Le maire de Gatineau, Maxime Pedneaud-Jobin, explique quant à lui qu’il est essentiel d’éviter l’effet yoyo qui pourrait être dévastateur pour les commerces de la région.

Maxime Pedneaud-Jobin en vidéoconférence.

Le maire de Gatineau, Maxime Pedneaud-Jobin

Photo : Radio-Canada

Moi, mon inquiétude principale, c'est l'effet yoyo, c’est-à-dire de retourner en zone de refermer les commerces qui étaient ouverts, a affirmé le maire.
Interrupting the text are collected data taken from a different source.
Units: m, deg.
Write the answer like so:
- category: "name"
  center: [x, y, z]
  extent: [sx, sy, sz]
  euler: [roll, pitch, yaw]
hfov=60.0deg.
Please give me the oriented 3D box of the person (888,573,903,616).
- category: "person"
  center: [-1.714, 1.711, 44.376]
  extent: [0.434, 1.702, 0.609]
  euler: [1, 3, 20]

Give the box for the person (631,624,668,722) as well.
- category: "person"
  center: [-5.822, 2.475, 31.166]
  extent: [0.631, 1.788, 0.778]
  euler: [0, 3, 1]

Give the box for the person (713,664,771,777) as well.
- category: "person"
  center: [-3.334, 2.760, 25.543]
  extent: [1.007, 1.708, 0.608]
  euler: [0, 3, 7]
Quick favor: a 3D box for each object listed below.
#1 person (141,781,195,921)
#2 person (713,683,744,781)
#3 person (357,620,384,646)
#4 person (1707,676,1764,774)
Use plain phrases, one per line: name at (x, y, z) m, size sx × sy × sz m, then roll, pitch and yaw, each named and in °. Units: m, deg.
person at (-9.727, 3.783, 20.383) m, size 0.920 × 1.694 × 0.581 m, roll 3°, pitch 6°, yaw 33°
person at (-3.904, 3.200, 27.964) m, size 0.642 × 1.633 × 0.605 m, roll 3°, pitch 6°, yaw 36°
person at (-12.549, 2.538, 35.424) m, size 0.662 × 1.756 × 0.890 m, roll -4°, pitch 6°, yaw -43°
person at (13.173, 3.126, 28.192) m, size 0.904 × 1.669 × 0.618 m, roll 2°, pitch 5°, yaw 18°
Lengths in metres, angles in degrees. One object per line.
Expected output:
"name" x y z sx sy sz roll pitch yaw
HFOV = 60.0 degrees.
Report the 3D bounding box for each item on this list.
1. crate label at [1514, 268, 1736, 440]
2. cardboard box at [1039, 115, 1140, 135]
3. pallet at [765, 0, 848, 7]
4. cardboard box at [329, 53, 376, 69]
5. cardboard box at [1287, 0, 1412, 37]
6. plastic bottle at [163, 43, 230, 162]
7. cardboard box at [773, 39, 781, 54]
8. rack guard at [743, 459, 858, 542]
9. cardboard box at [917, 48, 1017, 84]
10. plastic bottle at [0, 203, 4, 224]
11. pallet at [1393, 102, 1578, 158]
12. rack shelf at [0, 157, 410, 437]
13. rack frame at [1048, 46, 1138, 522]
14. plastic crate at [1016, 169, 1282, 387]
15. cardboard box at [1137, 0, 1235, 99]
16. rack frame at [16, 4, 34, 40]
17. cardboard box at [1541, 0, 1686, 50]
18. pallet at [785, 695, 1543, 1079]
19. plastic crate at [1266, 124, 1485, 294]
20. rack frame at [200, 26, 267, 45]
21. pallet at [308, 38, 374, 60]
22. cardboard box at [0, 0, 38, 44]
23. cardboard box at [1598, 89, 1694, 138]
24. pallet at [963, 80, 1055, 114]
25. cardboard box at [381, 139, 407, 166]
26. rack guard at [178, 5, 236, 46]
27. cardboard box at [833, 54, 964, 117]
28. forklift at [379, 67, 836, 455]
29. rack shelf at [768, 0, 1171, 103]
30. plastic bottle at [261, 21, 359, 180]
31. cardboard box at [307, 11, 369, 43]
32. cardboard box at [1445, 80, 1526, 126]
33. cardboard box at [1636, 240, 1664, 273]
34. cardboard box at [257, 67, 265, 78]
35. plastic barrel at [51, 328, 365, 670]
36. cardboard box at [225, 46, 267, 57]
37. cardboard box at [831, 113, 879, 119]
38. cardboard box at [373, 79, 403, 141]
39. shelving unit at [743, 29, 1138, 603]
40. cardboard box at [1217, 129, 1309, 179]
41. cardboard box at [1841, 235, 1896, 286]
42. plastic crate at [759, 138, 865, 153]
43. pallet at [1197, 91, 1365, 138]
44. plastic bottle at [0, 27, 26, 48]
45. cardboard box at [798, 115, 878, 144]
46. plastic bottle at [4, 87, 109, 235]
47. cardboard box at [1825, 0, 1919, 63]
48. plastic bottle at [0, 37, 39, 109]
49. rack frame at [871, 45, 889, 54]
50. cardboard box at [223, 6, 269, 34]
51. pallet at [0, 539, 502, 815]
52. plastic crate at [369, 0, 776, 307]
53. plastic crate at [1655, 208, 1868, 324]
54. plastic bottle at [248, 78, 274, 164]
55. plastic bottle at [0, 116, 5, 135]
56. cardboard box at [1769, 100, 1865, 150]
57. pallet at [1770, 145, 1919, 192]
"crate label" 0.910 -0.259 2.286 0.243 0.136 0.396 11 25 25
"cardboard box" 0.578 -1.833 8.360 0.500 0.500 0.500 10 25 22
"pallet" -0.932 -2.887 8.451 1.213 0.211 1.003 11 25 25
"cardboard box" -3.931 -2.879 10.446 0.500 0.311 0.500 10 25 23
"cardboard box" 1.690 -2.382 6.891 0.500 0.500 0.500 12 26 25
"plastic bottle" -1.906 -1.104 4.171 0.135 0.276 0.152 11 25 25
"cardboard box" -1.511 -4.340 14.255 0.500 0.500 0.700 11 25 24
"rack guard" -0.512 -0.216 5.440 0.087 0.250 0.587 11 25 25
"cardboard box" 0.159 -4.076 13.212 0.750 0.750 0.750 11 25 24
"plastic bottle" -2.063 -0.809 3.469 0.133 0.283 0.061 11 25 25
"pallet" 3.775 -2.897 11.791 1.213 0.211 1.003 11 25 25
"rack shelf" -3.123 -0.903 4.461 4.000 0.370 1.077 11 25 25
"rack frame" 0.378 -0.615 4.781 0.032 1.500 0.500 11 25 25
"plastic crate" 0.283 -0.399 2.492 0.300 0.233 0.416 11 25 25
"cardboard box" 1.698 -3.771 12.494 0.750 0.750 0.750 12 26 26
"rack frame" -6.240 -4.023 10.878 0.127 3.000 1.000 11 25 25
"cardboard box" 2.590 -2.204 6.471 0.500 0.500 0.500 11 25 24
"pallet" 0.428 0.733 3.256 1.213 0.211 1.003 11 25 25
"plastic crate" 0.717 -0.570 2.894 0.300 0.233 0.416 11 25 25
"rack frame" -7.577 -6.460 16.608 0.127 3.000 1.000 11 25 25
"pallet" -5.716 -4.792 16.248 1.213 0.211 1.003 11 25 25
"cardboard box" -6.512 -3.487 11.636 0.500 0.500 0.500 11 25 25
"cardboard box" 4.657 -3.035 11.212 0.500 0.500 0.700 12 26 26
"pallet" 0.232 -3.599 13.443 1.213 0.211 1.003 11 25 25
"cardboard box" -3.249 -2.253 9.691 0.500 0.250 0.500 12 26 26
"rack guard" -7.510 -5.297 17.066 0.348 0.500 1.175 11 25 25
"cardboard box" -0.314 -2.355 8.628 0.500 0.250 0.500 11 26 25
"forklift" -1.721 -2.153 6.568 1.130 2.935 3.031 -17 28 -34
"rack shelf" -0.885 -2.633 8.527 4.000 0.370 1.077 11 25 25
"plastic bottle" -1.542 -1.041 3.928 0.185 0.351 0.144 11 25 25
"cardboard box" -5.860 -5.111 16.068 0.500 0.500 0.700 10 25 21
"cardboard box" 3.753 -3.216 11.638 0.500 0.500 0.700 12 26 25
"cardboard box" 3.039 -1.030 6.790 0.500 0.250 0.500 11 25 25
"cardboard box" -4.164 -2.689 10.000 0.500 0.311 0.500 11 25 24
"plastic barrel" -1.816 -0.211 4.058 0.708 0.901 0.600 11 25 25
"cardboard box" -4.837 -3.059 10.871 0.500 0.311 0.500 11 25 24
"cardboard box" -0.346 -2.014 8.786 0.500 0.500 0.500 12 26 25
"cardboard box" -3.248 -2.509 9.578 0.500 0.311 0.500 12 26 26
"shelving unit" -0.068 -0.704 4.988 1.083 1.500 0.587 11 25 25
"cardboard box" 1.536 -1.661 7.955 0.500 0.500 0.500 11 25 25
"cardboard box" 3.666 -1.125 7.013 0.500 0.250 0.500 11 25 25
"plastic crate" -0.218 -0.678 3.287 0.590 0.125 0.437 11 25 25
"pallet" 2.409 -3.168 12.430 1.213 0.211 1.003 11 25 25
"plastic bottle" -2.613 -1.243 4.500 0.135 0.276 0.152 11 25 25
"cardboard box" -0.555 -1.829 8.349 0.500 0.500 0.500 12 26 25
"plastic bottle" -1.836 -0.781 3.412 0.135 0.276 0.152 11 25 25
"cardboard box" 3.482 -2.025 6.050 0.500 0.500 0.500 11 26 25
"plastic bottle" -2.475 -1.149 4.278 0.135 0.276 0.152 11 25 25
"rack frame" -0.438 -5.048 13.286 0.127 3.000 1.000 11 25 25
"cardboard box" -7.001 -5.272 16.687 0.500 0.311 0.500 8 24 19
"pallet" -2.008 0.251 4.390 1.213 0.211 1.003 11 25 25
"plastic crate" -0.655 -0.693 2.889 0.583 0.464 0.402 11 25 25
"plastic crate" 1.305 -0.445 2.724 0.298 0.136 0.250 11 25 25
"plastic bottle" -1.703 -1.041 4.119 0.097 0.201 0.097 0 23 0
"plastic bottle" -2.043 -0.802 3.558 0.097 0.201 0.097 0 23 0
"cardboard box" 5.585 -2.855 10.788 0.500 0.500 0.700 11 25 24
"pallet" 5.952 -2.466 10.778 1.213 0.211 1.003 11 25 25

Je pense beaucoup aux commerces, parce que toutes les fois, lorsqu’on change de zones, il y a des dépenses qui s’ajoutent, il y a du monde qu’on avait embauché qui retourne à la maison... C’est ça qu’on ne voudrait pas vivre.

Même son de cloche du côté de la Chambre de commerce de Gatineau qui appelle la population à la vigilance pour ne pas retourner en zone rouge.

Mon appel aujourd’hui aux citoyens, c’est : s’il vous plaît, faites attention, a lancé Stéphane Bisson, président par intérim de la Chambre de commerce de Gatineau. Là, actuellement, ce qu’on se fait dire, c’est qu’on doit changer nos comportements, sinon on retourne en zone rouge. Et je vais vous dire, ça va être désastreux au niveau de l'économie régionale, désastreux pour nos petits commerces, pour les restaurateurs, pour les sports...

L’inquiétude de M. Bisson et du gouvernement québécois est d’autant plus importante qu’approche le congé de Pâques et que les gens pourraient être tentés de se réunir.

D’ailleurs, le premier ministre Legault a annoncé lors du point de presse que la présence policière allait être renforcée au cours de la fin de semaine.

L’ajout de vaccins

Parmi les solutions avancées par le gouvernement pour faire face à la hausse préoccupante des indicateurs de la COVID-19 dans les cinq régions problématiques, l’ajout de vaccins est ce qu'il préconise.

Les régions où c’est plus difficile, on va augmenter, toute proportion gardée, les vaccins qu’on va envoyer dans ces régions-là, a révélé François Legault. Donc, on va se donner toutes les chances de ne pas être obligés de reculer sur les mesures.

Le ministre de la Santé et des Services sociaux, Christian Dubé, a quant à lui affirmé qu’il était important de rééquilibrer la situation alors que l'Outaouais figure parmi les régions où la proportion de la population est la moins vaccinée.

On a ajouté des doses à Montréal parce qu'on était à l'épicentre et qu’il était normal de faire ça. Eh bien, je pense que c’est normal aujourd'hui de faire l'inverse, puis d’appuyer un peu plus nos régions, a souligné le ministre Dubé.